Data records
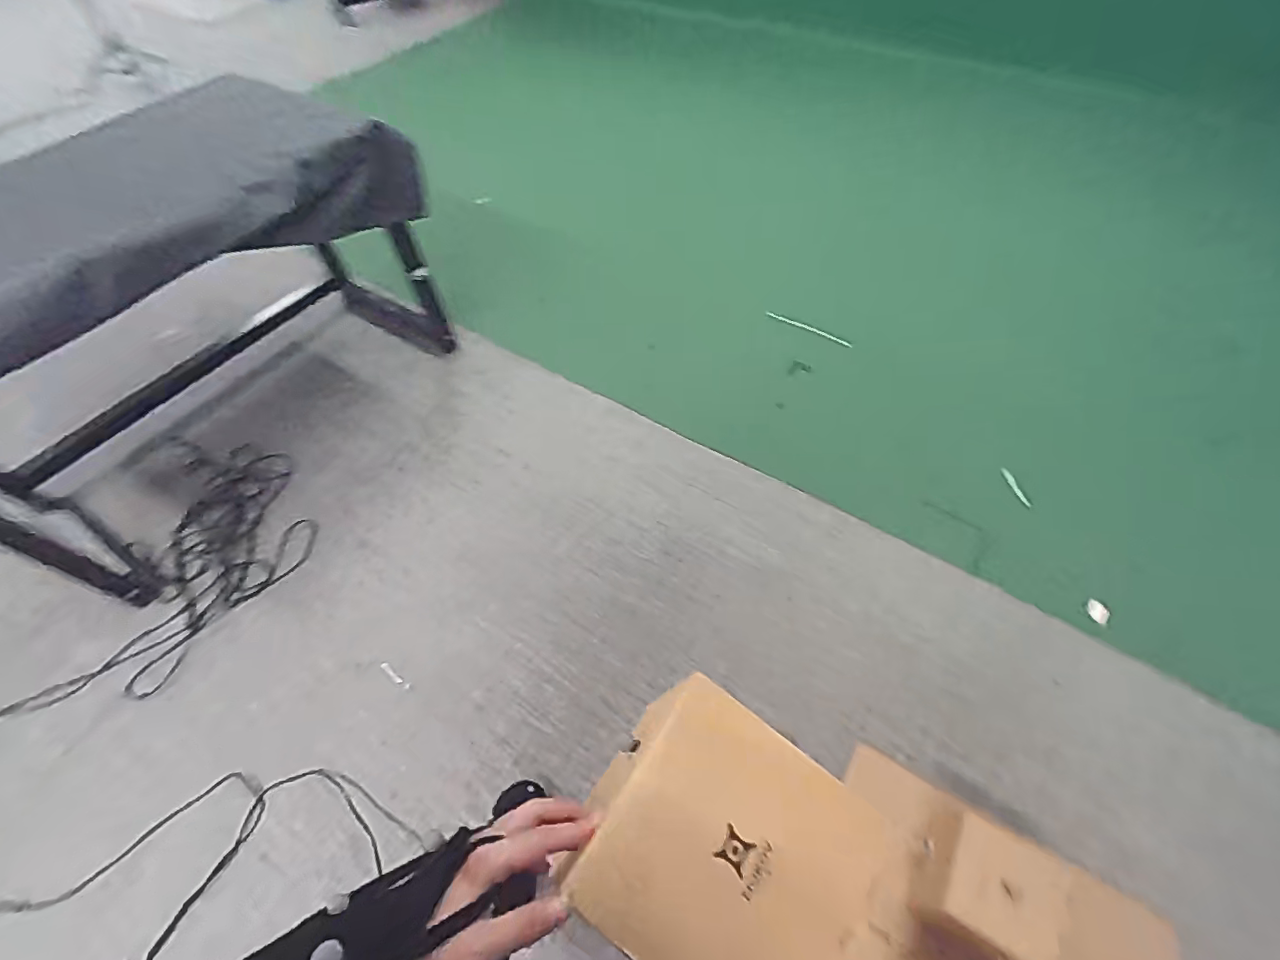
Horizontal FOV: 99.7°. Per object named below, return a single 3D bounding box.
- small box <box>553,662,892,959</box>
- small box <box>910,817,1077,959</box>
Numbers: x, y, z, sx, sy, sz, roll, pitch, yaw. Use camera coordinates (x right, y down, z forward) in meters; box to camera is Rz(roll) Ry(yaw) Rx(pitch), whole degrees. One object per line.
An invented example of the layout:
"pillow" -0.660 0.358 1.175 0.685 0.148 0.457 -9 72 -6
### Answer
"small box" 0.049 0.277 0.420 0.179 0.176 0.168 36 58 8
"small box" 0.614 0.729 0.954 0.179 0.176 0.168 26 60 20
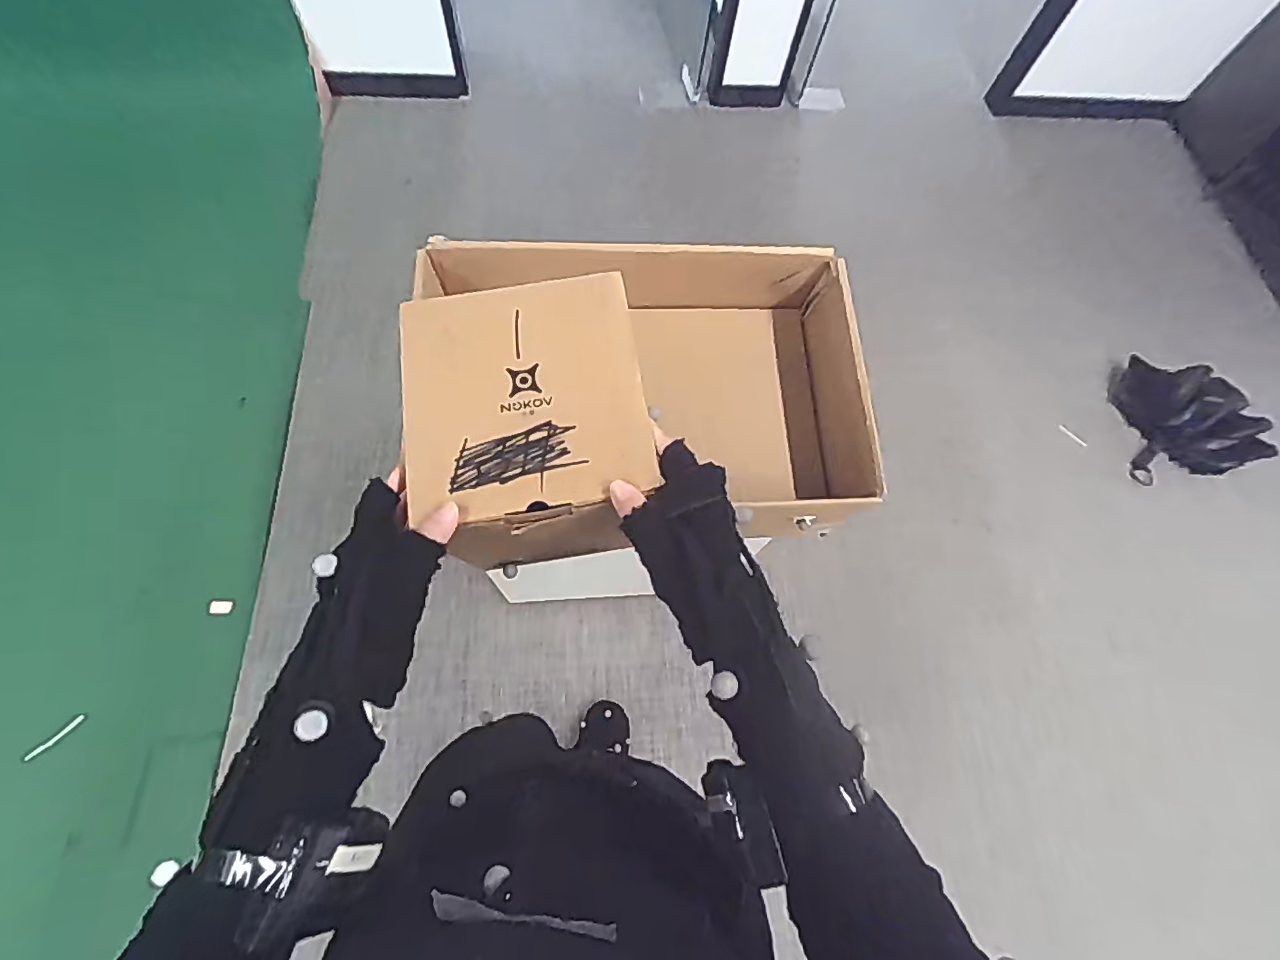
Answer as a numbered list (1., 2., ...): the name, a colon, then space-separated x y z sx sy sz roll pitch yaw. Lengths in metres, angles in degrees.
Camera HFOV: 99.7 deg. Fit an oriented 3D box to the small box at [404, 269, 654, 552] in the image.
1. small box: -0.080 -0.042 0.455 0.168 0.176 0.179 -9 72 -2

*YOUR GOAL*
Retype all the records shown above, character for character. Omit every picture.

*ANSWER SECTION*
Horizontal FOV: 99.7°. Per object named below, return a single 3D bounding box.
- small box <box>553,662,892,959</box>
- small box <box>910,817,1077,959</box>
Numbers: x, y, z, sx, sy, sz, roll, pitch, yaw. Use camera coordinates (x right, y down, z forward) in meters; box to camera is Rz(roll) Ry(yaw) Rx(pitch), whole degrees. One object per line.
An invented example of the layout:
"pillow" -0.660 0.358 1.175 0.685 0.148 0.457 -9 72 -6
### Answer
"small box" 0.049 0.277 0.420 0.179 0.176 0.168 36 58 8
"small box" 0.614 0.729 0.954 0.179 0.176 0.168 26 60 20
Answer as a numbered list (1., 2., ...): the name, a colon, then space-separated x y z sx sy sz roll pitch yaw. Lengths in metres, angles in degrees.
Camera HFOV: 99.7 deg. Fit an oriented 3D box to the small box at [404, 269, 654, 552] in the image.
1. small box: -0.080 -0.042 0.455 0.168 0.176 0.179 -9 72 -2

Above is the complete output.